BEGIN RECORDS FOR PROCESSING

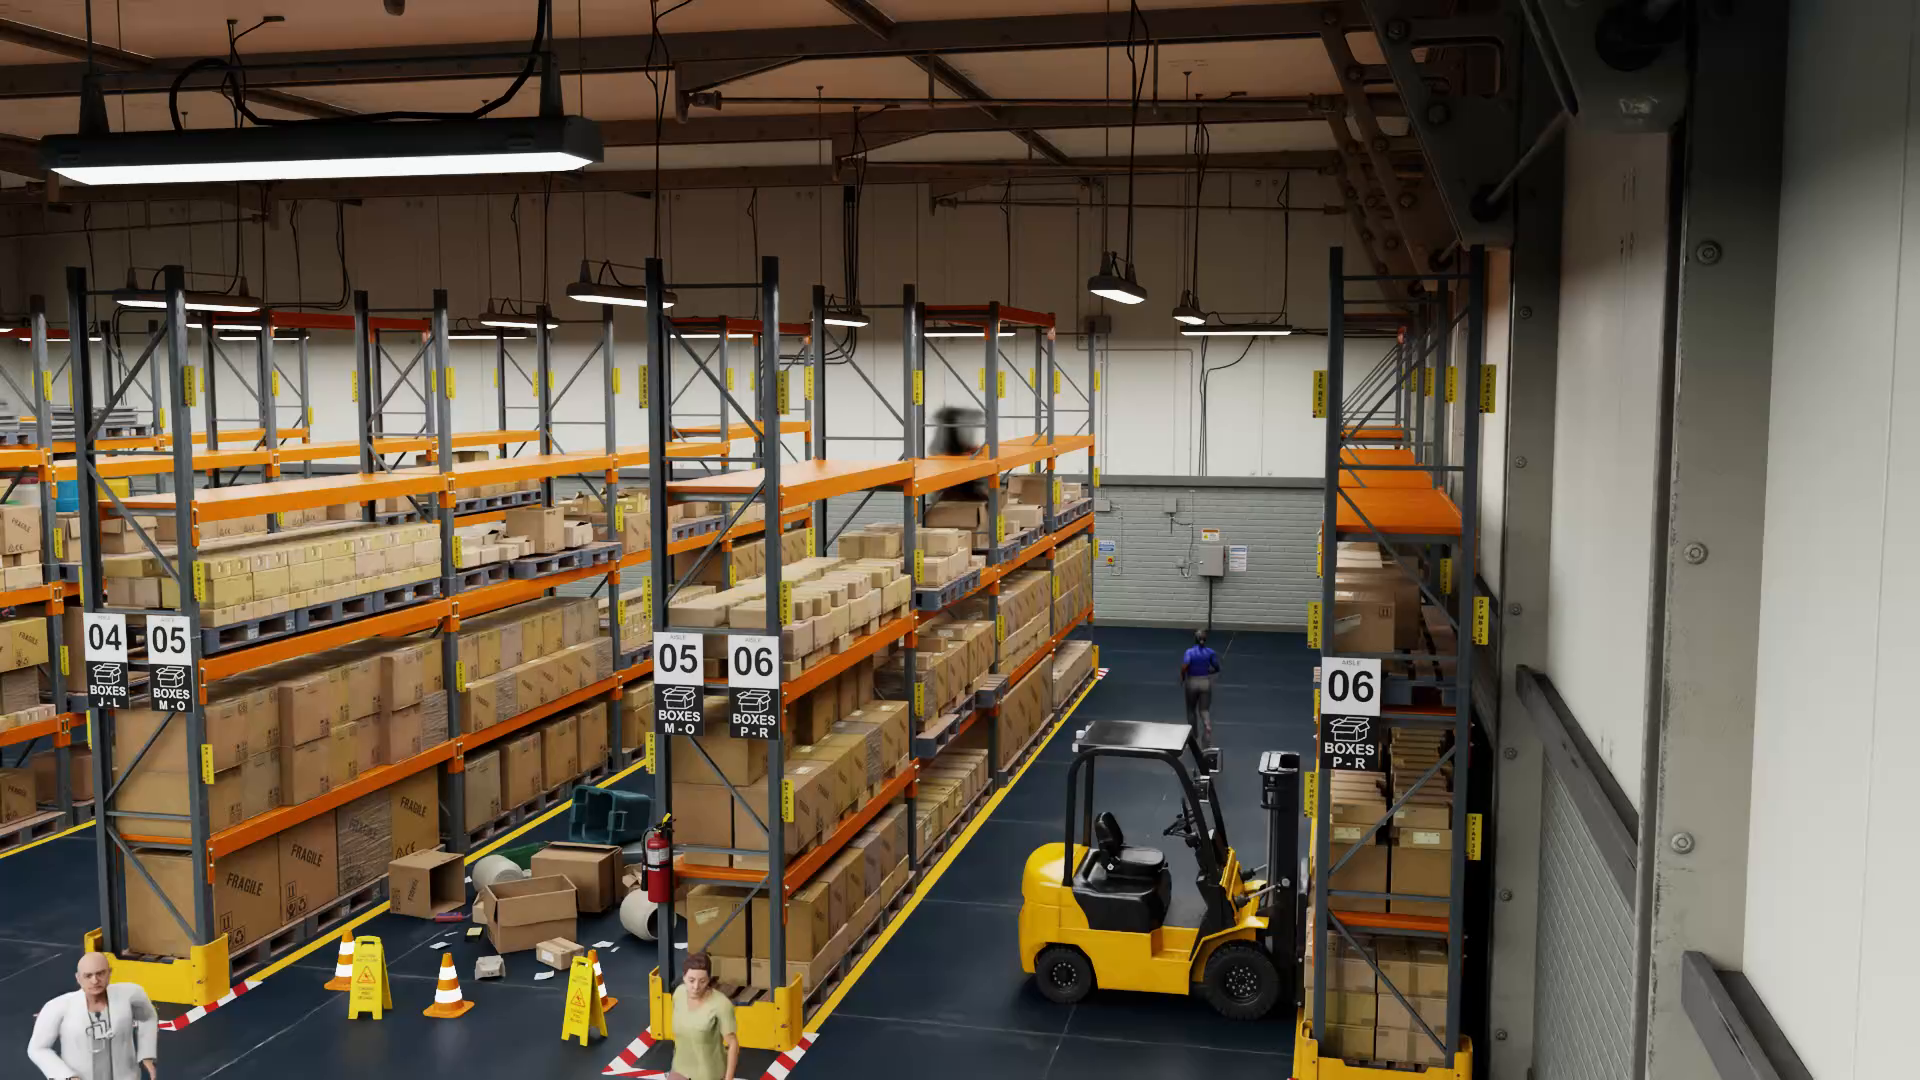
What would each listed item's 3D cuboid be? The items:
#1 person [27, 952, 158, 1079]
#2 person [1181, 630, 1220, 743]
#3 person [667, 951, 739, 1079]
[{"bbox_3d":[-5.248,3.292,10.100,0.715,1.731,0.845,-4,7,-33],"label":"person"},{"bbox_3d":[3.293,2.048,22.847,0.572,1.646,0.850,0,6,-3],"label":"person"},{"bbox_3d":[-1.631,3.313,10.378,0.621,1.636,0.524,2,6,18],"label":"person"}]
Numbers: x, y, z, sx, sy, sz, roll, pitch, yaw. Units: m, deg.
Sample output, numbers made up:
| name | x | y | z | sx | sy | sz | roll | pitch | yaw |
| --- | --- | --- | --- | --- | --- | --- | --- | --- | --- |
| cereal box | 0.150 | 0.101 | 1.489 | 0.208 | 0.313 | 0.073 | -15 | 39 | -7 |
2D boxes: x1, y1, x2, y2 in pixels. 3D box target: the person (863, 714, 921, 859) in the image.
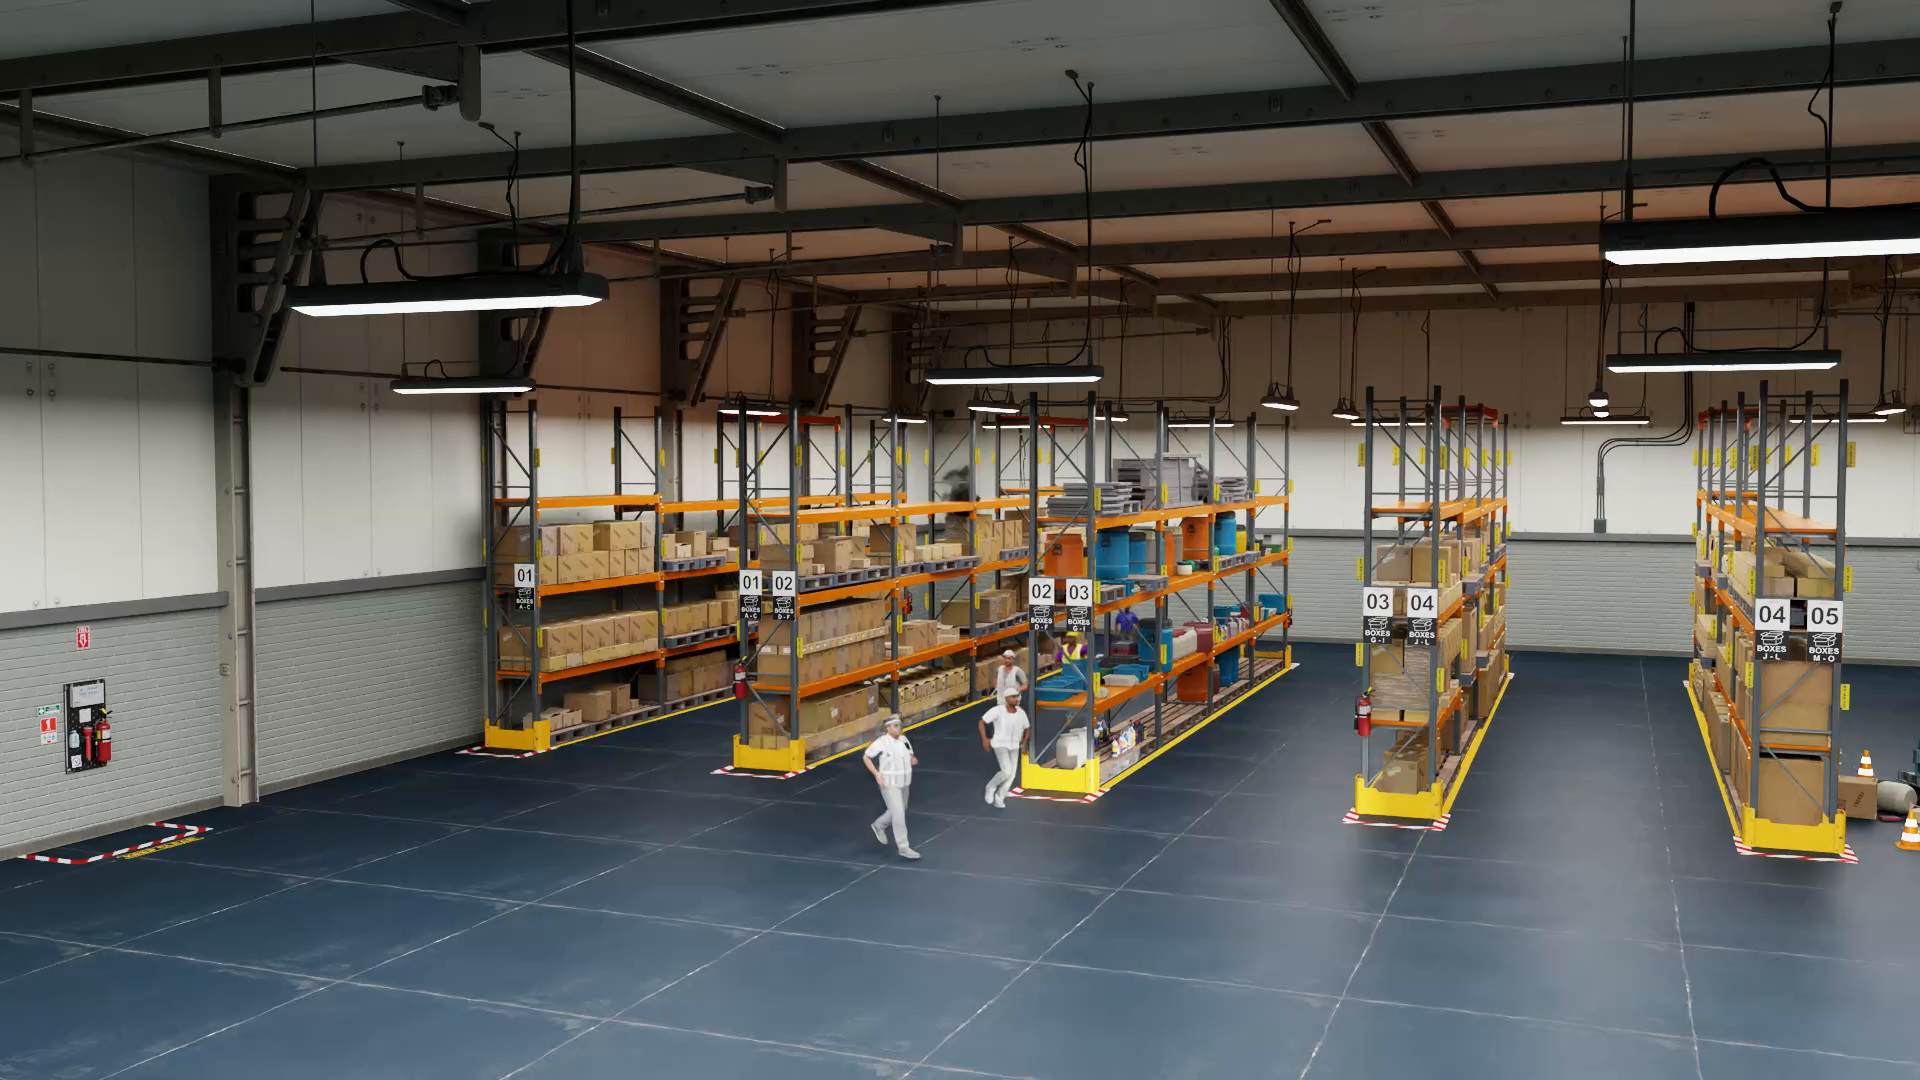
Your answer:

END RECORDS FOR PROCESSING
BEGIN RECORDS FOR PROCESSING

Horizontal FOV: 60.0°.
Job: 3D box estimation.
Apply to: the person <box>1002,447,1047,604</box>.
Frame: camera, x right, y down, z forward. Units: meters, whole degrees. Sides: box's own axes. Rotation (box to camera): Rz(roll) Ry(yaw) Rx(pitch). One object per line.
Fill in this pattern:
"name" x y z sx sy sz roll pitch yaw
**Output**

END RECORDS FOR PROCESSING
BEGIN RECORDS FOR PROCESSING

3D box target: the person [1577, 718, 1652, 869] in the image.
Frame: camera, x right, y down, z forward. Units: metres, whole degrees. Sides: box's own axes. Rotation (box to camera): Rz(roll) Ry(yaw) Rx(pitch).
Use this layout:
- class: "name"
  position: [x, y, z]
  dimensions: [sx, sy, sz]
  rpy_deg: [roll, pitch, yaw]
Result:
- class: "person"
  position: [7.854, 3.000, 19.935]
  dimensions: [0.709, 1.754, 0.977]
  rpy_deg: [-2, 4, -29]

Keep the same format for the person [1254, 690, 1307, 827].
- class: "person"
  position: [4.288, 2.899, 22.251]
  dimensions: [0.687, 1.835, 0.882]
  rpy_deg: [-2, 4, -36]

END RECORDS FOR PROCESSING

Consider the string "target". State how many lines of the data contain it, giving the number alone.

2